Funny thing is that the Vehicle License fee is the same whether I input 6/30 or 7/1 as the purchase date and that the current registration fee actually INCREASED by $6. :dunno:


----------



## SD ///M4 (Jan 24, 2011)

podge8 said:


> We got back from the dealer and signed all the loan papers. We did have to pay the higher rates, because they said that BMW FS requires that TTL be collected at the time of purchase. Since California does not require sales tax to be paid until the car is registered, we will receive a refund from the dealer on the overpaid amounts when the car is redelivered to us. There is still no budget signed, so no official word on the lower rates, but we do expect to get refunded both on the tax and VLF. I hope. We could have signed on Friday, July 1, but we leave the next day, and the peace of mind is worth it to us not having to worry about mistakes and the loan coming back for some problem. It was very confusing for all involved since the rates for TTL rarely change, and being and ED threw another wrench into it, but it's all done, and we'll worry about it when we take redelivery. Thanks for all your advice, everyone!
> 
> Tom, any word from your CA on what they are going to do for you?


No, I haven't heard anything yet. They didn't call yesterday like they said that they would. I think they may be waiting to see what happens on Friday in case it turns out to be a moot point. Since podge8 indicates that BMW FS requires the TTL be paid at the time of purchase they're probably not going to give me back the money before the redelivery.

If the increase isn't extended I fully expect to get a refund on the tax already paid and any difference in the license/registration fees if they change. I can't possibly imagine that they would expect to just keep the difference if things do change. They confirmed that the car hasn't yet been recorded as a sale yet, so they've just been holding the money since 5/2.

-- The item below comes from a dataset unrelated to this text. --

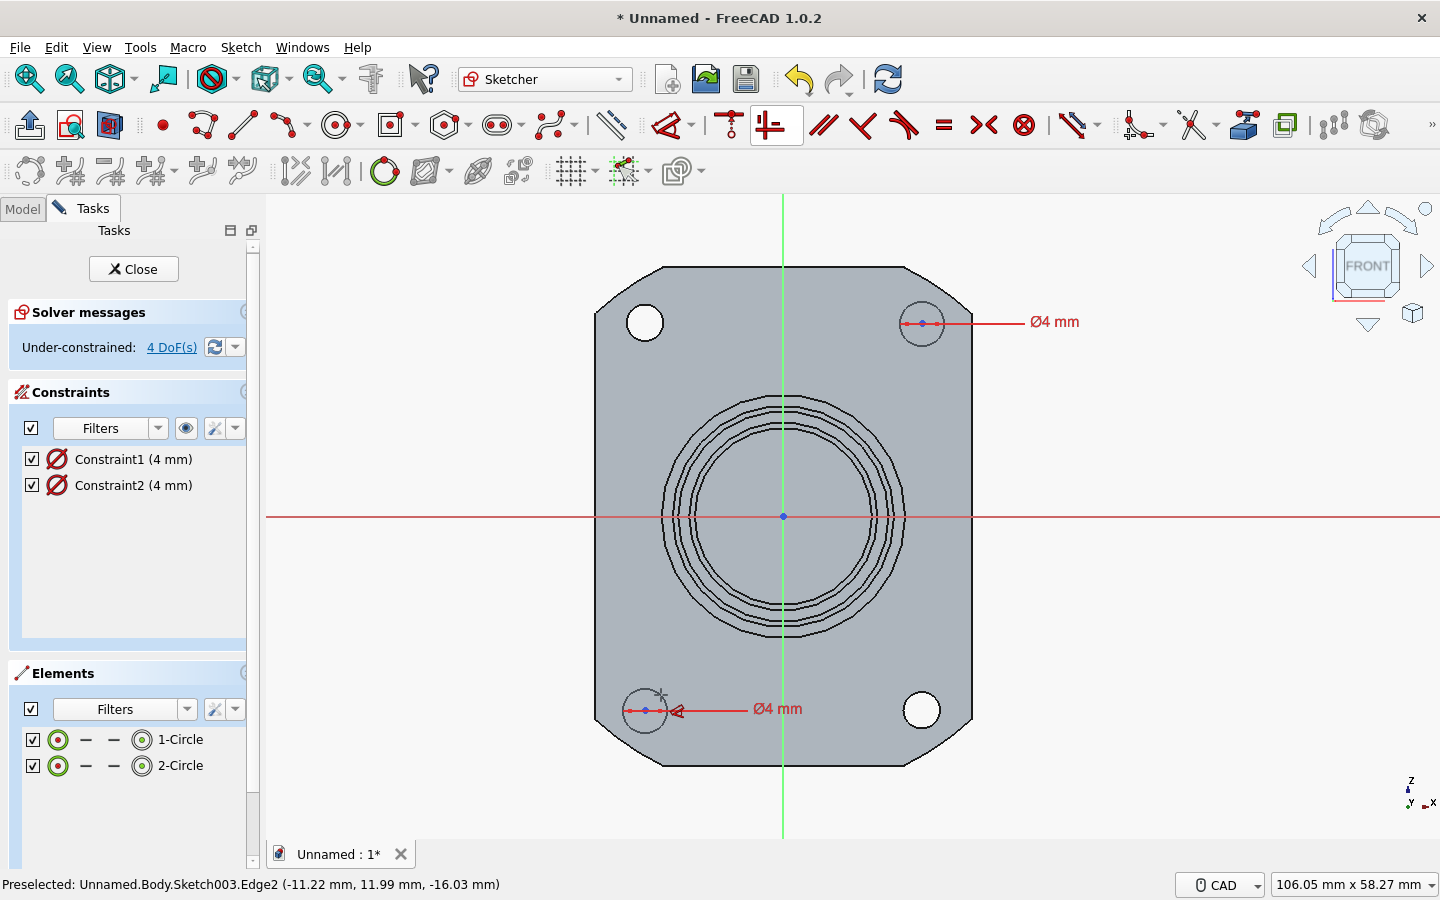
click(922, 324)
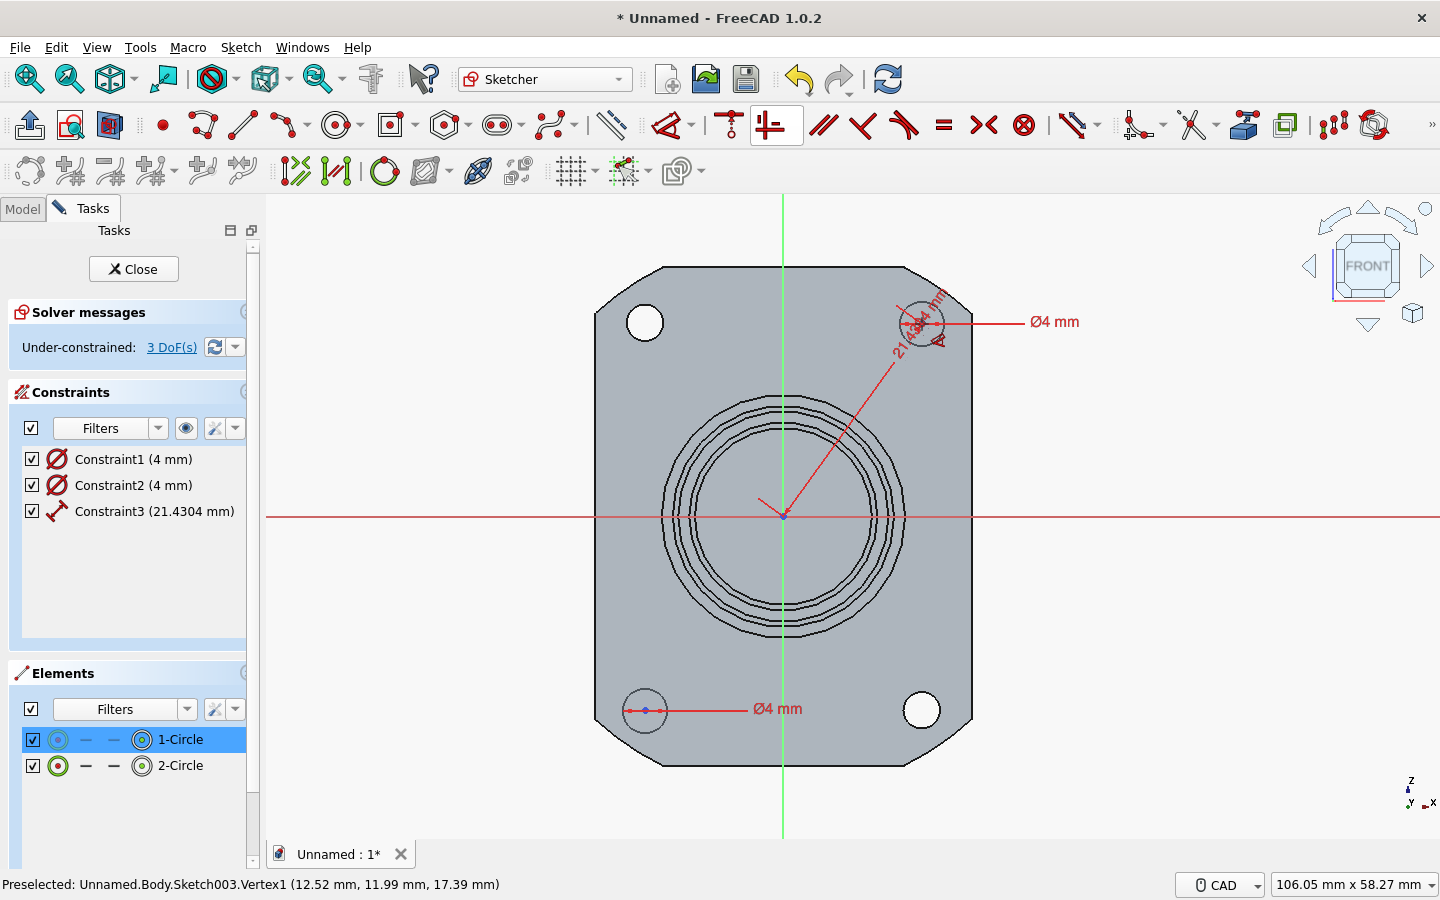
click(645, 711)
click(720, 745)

The good news is that the Faust docked at Port Hueneme this morning! It should be just a matter of weeks now!


----------



## SD ///M4 (Jan 24, 2011)

The finance person at my dealer never called me back regarding the sales tax difference. I've had a couple of e-mail exchanges with my CA recently regarding the re-delivery logistics, as our car is just days away at the VDC in Port Hueneme (although it was closed yesterday because of a leak in their fire sprinkler system ). He conveniently has avoided direct questions regarding a refund of the $520.55 in difference between the 8.75% and 7.75% tax which I have told him that we are expecting to receive when we take re-delivery.

My wife is the Controller at a real-estate investment company and a CPA, so she gets tax-related notices and information from the State. She received this notice today from the California State Board of Equalization, the state entity that collects sales tax, and I've included the relevant portions and bolded the specific portions that apply:

California Statewide Sales and Use Tax Rate is 7.25 Percent
_Rate Reduced By 1 Percent July 1, 2011_​
On July 1, 2011, the statewide sales and use tax rate decreased from 8.25 percent to 7.25 percent. In areas where there are voter-approved district taxes, the total tax rate related to sales and purchases is the statewide base tax rate of 7.25 percent plus any applicable district tax.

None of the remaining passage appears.